Reading the data below, count the lines that carry the string "pixels". Give nothing but the count.
** Record set follows **
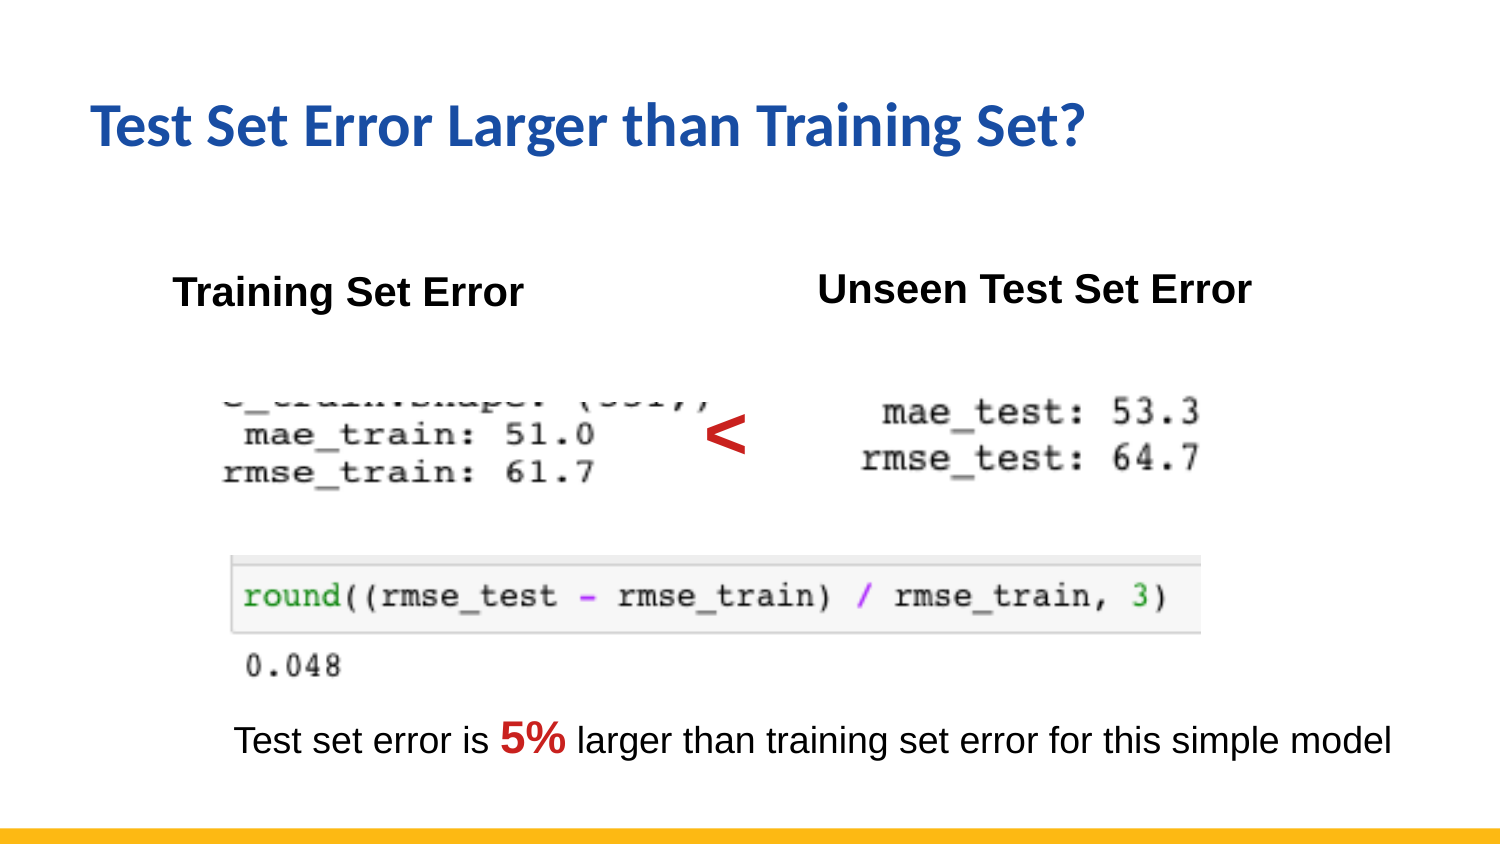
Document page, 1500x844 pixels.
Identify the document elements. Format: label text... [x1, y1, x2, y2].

text_box < [690, 384, 781, 484]
title Test Set Error Larger than Training Set? [75, 0, 1425, 197]
picture [195, 389, 1246, 507]
text_box Training Set Error [157, 261, 661, 370]
text_box Test set error is 5% larger than training set error for this simple model [218, 705, 1408, 772]
picture [217, 555, 1201, 706]
text_box Unseen Test Set Error [802, 258, 1306, 366]
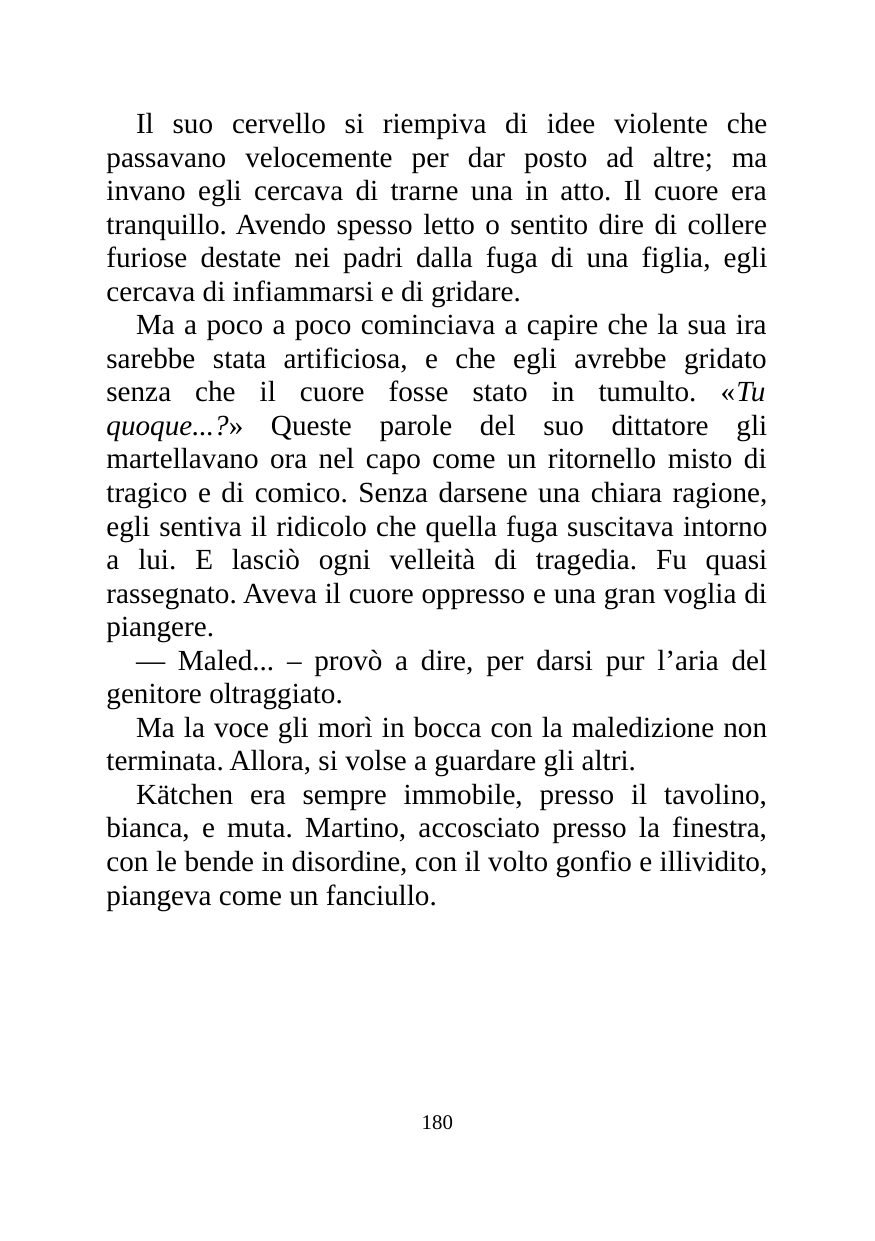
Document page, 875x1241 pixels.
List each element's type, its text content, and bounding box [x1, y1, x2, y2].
** End of Record set **
## The answer
2